Starting at the line that contains "#2 person at [1123, 824, 1139, 850]", copy every line through the end of the listing below exactly, and copy nothing else.

» Available data:
────────

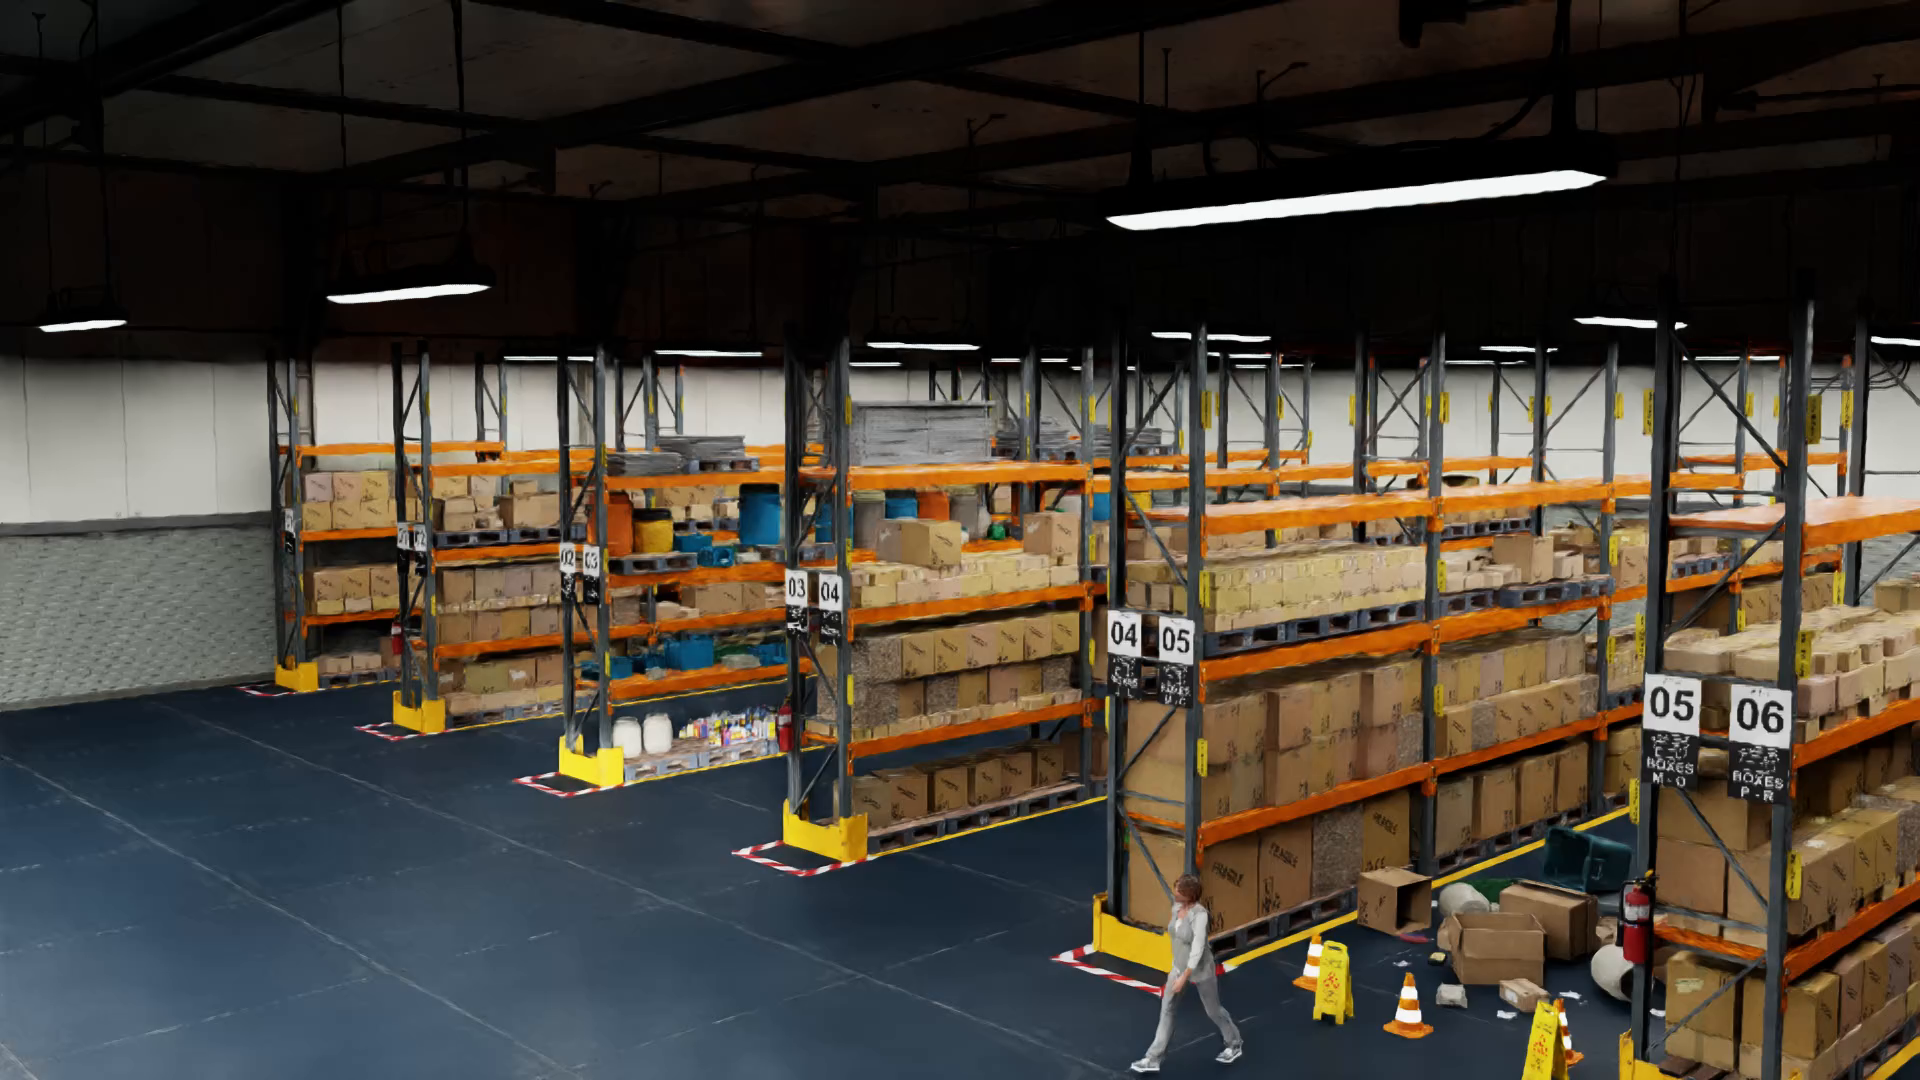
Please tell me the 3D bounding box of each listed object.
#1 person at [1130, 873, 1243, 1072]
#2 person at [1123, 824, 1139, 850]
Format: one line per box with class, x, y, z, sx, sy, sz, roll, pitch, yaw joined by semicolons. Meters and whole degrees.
person;1.770;3.289;12.694;0.962;1.533;0.408;-3;6;-34
person;2.196;2.666;18.860;0.954;1.750;0.579;-3;6;-29

────────

» The completed task:
#2 person at [1123, 824, 1139, 850]
Format: one line per box with class, x, y, z, sx, sy, sz, roll, pitch, yaw joined by semicolons. Meters and whole degrees.
person;1.770;3.289;12.694;0.962;1.533;0.408;-3;6;-34
person;2.196;2.666;18.860;0.954;1.750;0.579;-3;6;-29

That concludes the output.